Rail strike may further slow movement of huge West Canada crop
A possible strike at Canada's biggest railway is compounding a vexing problem in the second-biggest wheat exporting country - how to move the western crop belt's abundant harvest to port with a strained transportation system.
A dispute between Canadian National Railway Co and its railroad workers raises the possibility of a strike or lockout as early as Oct. 29. Talks are scheduled to resume on Oct. 21, with both the union and railway hopeful of avoiding a work stoppage.
"Whenever there's a labor disruption, it has a huge impact on us," said Wade Sobkowich, executive director of the Western Grain Elevator Association, which represents grain handlers such as Richardson International Limited, Viterra and Cargill Ltd. "All grain shippers are concerned that we won't have sufficient rail capacity to move this large crop when we need to move it."
Agriculture and Agri-Food Canada estimates total crop production in Western Canada at a record-high 67.3 million tonnes and transport infrastructure is already struggling. Canada exports about two-thirds of its wheat and more than half of its canola.

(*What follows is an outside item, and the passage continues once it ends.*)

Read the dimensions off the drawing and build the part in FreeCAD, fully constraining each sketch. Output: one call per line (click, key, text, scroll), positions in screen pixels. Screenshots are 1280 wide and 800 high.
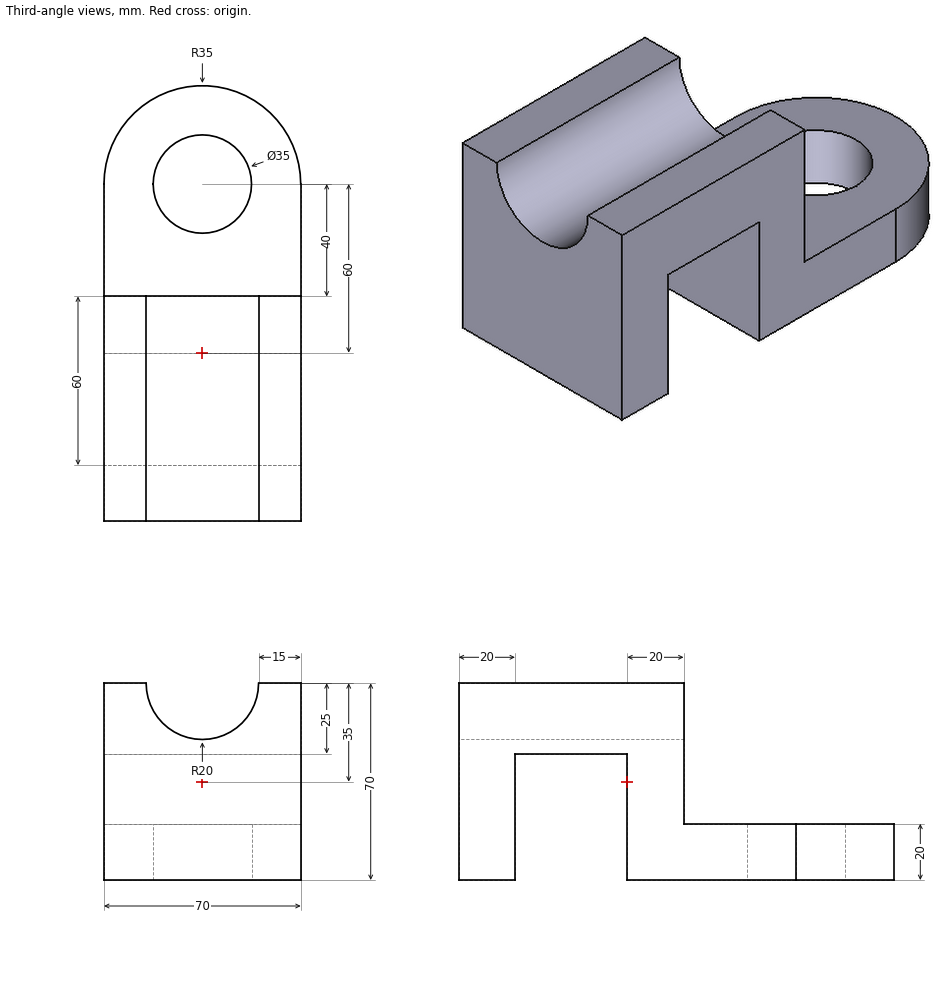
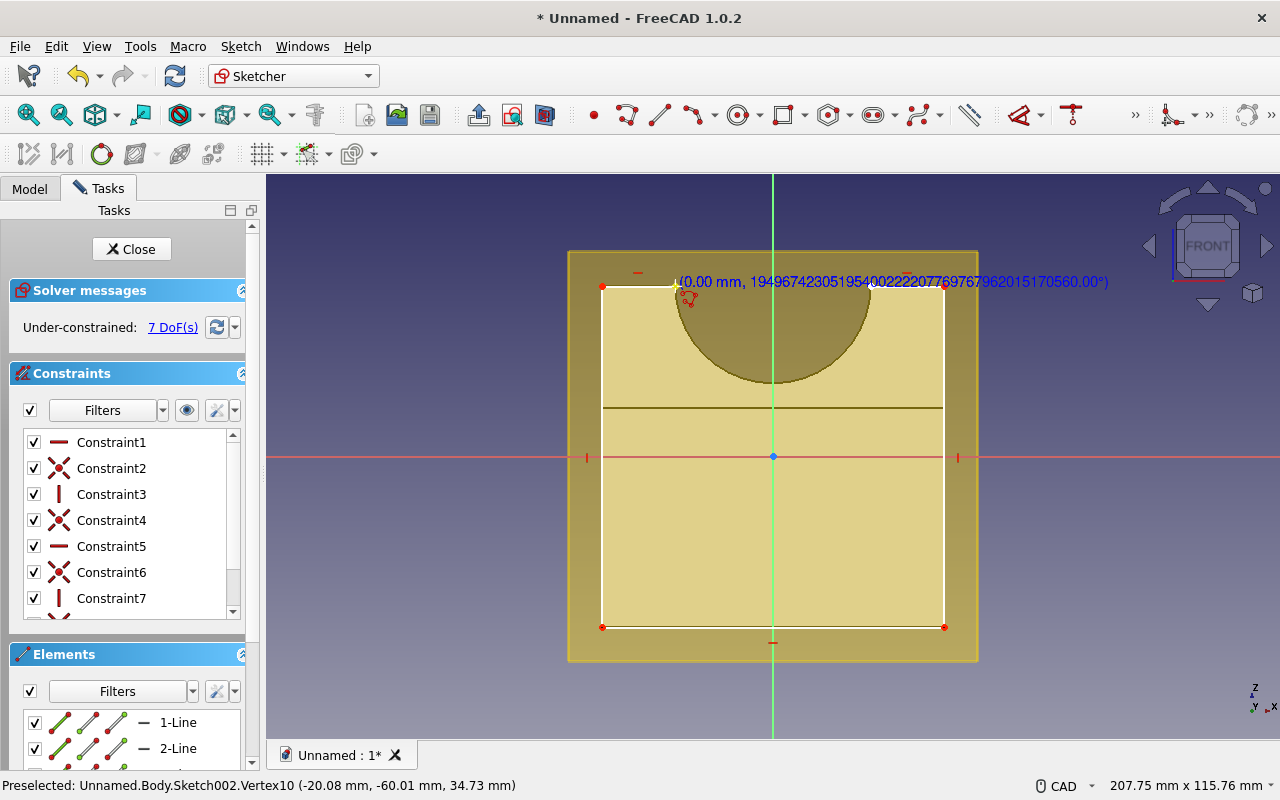
click(692, 116)

Some farmers, waiting for congested country elevators to clear space, have piled grain on the ground, potentially risking contamination, while others are filling plastic silo bags that snake hundreds of feet across fields.
Some bursting-at-the-seams grain handlers, meanwhile, have resorted to storing crops in temporary "bunkers" that resemble hockey rinks with boards along the sides, pipes to dry the grain and tarps protecting it from rain and snow.

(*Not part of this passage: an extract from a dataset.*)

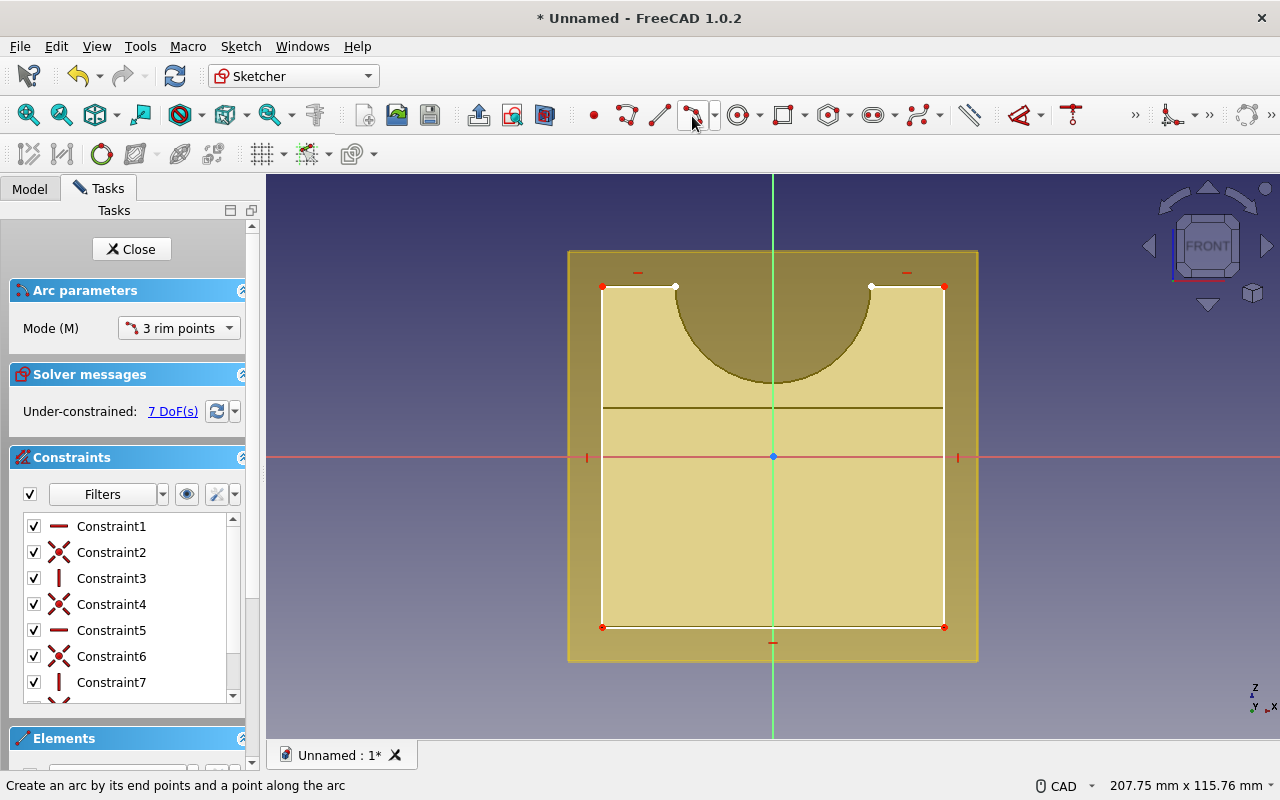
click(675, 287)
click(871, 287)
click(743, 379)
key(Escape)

Railways are filling about half of the grain car orders within the same week, a situation that isn't unprecedented during the harvest, but not ideal for moving crops quickly, Sobkowich said, adding that elevators are about 95 percent full.

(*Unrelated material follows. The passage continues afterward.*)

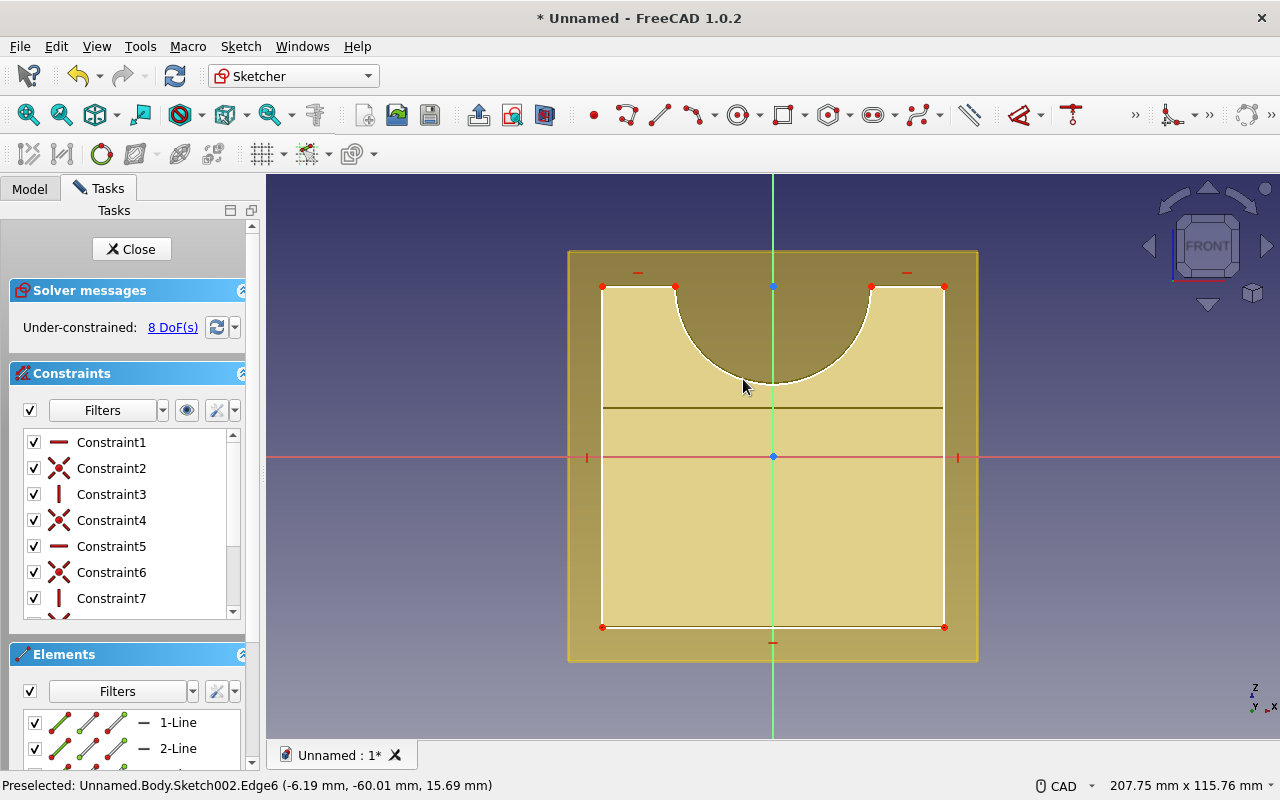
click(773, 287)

A bottleneck in Western Canada's crop pipeline has already expanded the discount in the cash price grain handlers pay farmers versus the wheat futures price, according to crop marketer CWB. It may also prevent some export sales as handlers look to avoid penalties for late delivery, Sobkowich said.
Most of Canada's crop production comes from its western provinces, where farmers and grain handlers rely heavily on Canadian National and Canadian Pacific Railway to move crops into export position on the Great Lakes or West Coast.
Effectively moving the big harvest will require all parties along the supply chain to work together, not just railways, said Canadian National spokesman Mark Hallman.
CN expects to have a C$100-million ($97 million) upgrade to its capacity on the Winnipeg-Edmonton corridor in place by the end of November, Chief Operating Officer Jim Vena said in September.